**Your instructions**
Retype, word for word, every line from the one holding "Numbers: x, y, z, sx, sy, sz, roll, pitch, yaw." through the one holding "desk lamp ->" in the entries below, both included, and only those lines.

Dataset items
____

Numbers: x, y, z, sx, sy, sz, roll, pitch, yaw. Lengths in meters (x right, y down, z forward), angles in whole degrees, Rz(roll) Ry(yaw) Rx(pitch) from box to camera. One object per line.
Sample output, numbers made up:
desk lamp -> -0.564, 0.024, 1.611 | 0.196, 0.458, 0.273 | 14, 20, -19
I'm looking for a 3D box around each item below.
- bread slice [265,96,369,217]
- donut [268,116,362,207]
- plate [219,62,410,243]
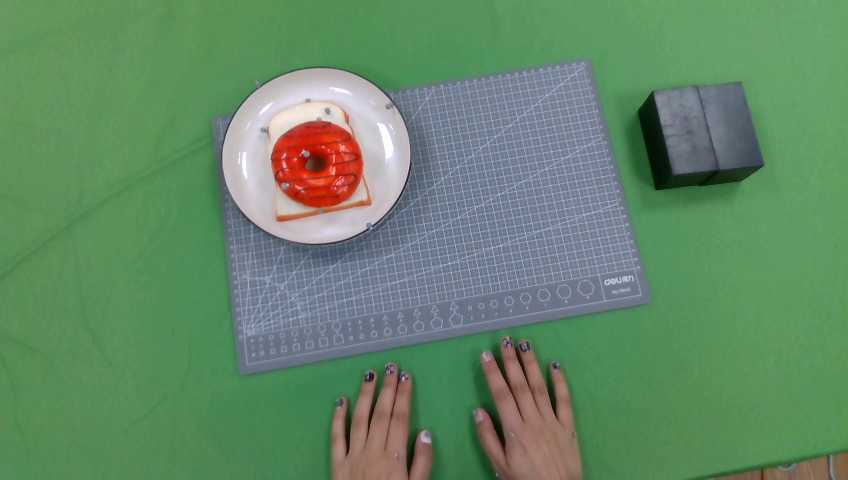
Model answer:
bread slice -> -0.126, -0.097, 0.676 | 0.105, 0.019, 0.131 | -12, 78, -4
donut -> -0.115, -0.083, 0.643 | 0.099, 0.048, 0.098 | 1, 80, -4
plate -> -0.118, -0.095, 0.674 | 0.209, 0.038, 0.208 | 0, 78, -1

____

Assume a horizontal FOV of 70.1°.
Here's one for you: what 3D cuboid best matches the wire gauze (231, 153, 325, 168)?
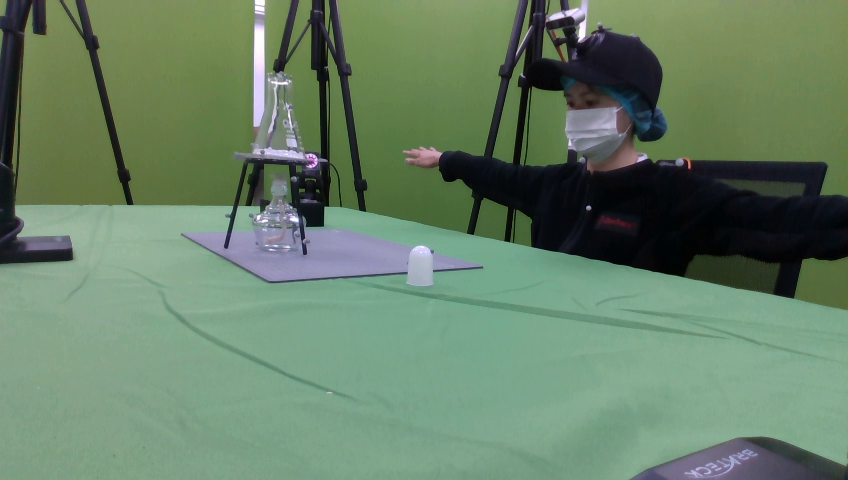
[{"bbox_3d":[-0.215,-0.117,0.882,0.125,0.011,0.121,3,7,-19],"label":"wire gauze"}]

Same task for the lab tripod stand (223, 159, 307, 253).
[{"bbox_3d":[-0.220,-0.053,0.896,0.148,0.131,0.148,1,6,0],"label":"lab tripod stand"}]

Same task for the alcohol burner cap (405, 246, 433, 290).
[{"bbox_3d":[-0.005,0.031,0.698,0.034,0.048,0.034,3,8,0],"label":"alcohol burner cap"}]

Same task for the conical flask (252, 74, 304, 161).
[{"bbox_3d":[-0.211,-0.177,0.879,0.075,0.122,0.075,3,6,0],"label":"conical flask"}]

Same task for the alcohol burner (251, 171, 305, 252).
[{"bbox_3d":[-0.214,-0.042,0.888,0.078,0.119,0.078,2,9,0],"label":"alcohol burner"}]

____

**Written solution**
Numbers: x, y, z, sx, sy, sz, roll, pitch, yaw. Lengths in meters (x right, y down, z forward), angles in whole degrees, Rz(roll) Ry(yaw) Rx(pitch) from box to camera. One object per line.
Sample output, numbers made up:
desk lamp -> -0.564, 0.024, 1.611 | 0.196, 0.458, 0.273 | 14, 20, -19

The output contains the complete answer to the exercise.